# Fixing sun spots on a detailed photo?



## lilpil130

Hi all,

I have been scouring the web for YouTube tutorials and am still unable to figure out how best to go about fixing this issue. I've included the image I'm trying to adjust so you can see what I've working with. I have tried the healing brush, levels adjustments, etc. Ah! Any tips would be appreciated.


----------



## Johan Elzenga

A levels adjustment will not work, because that is a global adjustment. The healing brush is also not ideal for this, because it tries to maintain the underlaying brightness and that is exactly the problem you want to remove. If you want to try to solve this in Lightroom (this is a Lightroom forum), then use the adjustment brush and set it to a very low flow, so you can build it up slowly. Set a small (negative) exposure adjustment to begin with. The nice thing about the brush is that you can set/change its effect after you applied the brush strokes, so you can play with the sliders to try to get it to work.


----------



## AndreasM

Another software like Paintshop would probably be more suitable for this problem.
In Lightroom - if it works at all - it will need a lot of elbow-grease. But I quite like a challenge. So if you would like to upload the photo in it's original format (RAW, if possible) somewhere, I would be happy to give it a try in Lightroom. And if I end up with something usable I'd try to describe what I did.


----------



## lilpil130

Thanks, Johan! When I try that, I can get the inside of the spot to match, but then I am left with a yellow colored octagon still surrounding it. Andreas, I would love to see if you know how to tackle this! I don't have a RAW version (rookie mistake, I am learning...). This is the original photo, best quality I have.


----------



## Johan Elzenga

lilpil130 said:


> Thanks, Johan! When I try that, I can get the inside of the spot to match, but then I am left with a yellow colored octagon still surrounding it.

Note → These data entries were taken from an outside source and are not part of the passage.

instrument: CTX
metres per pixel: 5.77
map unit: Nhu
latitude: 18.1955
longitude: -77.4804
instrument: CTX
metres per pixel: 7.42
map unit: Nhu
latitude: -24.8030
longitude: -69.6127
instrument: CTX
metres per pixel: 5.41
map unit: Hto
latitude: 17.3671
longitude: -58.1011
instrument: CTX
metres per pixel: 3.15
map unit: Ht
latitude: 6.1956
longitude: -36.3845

That is why you have to build up the brushed area, so that you remove that surrounding part too. It won't be easy though (and I would probably do it in Photoshop myself).


----------



## AndreasM

Is the picture size really 720 x 480 ? (Or was is reduced by the forum software during upload?)

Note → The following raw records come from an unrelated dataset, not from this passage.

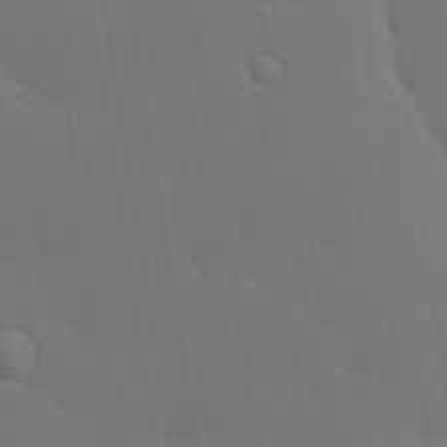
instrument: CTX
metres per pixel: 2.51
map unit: lAa
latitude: 19.7260
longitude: -138.9892
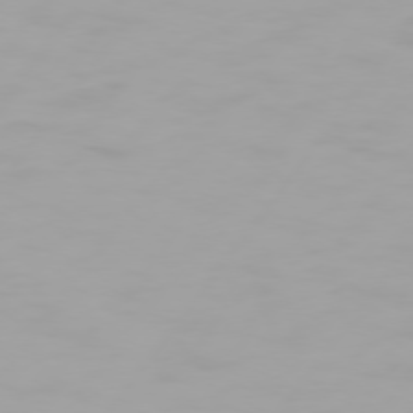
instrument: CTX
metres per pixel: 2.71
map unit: Hpe
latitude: 74.4223
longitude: -129.6127
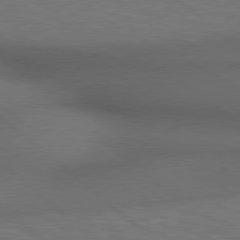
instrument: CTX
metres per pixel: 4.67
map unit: lApd
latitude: 78.7435
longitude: -177.8961
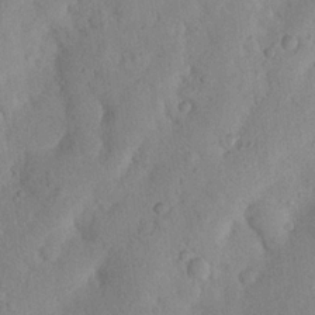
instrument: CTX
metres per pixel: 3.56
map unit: Nhu
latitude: 20.7058
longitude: -74.4412
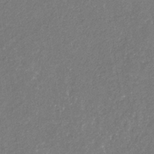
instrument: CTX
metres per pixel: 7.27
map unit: eHb
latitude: -31.0486
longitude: 70.2362
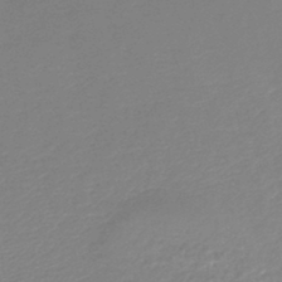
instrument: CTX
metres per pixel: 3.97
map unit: lHb
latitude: -44.9542
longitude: 60.8219

I'm not sure yet, if that tiny format makes it more difficult or maybe even easier, but I'll see tonight, when I get home.


----------



## Cerianthus

If this regularly occurs investing in a lens hood would be a better choice.   If it is a one off, if you can have access to photoshop, there are a few tutorials hanging around if you look for sunspot and photoshop. 

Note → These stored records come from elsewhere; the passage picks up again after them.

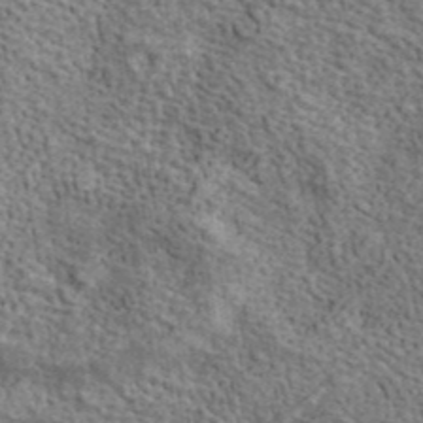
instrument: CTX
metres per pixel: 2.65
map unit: ANa
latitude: 41.7639
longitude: 13.4077
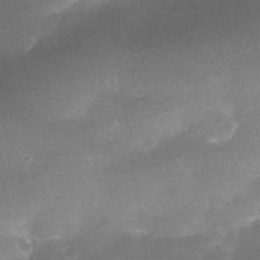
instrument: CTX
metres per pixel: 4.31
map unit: Nhe
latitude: -35.1053
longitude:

Verzonden vanaf mijn iPad met Tapatalk


----------



## Cerianthus

Eg How to Remove Sunspots in Photoshop
https://www.youtube.com/watch?v=zDvvxuJdB8g


Verzonden vanaf mijn iPad met Tapatalk


----------



## AndreasM

Ok, that's what I managed to achieve:


 

I can't give a simple tutorial though. I can show the settings for the main adjustment brush mask:



One difficult part is to get the borders of that mask right by constant erasing and extending with different "feather" settings. I had to leave out a crescent moon of yellow at the lower left corner, which would have turned to dark and therefore had to be treated differently. This and to smoothen things down needed about another 15 adjustment brushes with a lot of fiddling.
(According to your profile you're using Lr 4. I think adjustment brushes had less possible settings then (I think no colour temperature, for example), so that won't help either.


----------



## Cerianthus

I am not the original poster, but i think that is quite an impressive result.


----------



## lilpil130

That is better than anything I managed!! Crazy how bothersome one little sunspot can be. Normally not an issue for me, but might be worth the lens hood for the trouble next time. Thank you everyone for your help and tips!


----------



## Johan Elzenga

It's indeed nice, but a lot of work to do this in Lightroom. In Photoshop this is much easier, because you can use a nice trick that Lightroom does not have. Use the Clone Stamp on a new layer (sample all layers), and set the layer mode to Color. In that mode, you only clone color, not detail. Now simply clone the spot, using another part of the face as source. After that, you may have to darken the spot a little as well (that's why it's better to clone in a new layer, rather than use the clone tool itself in Color mode).


----------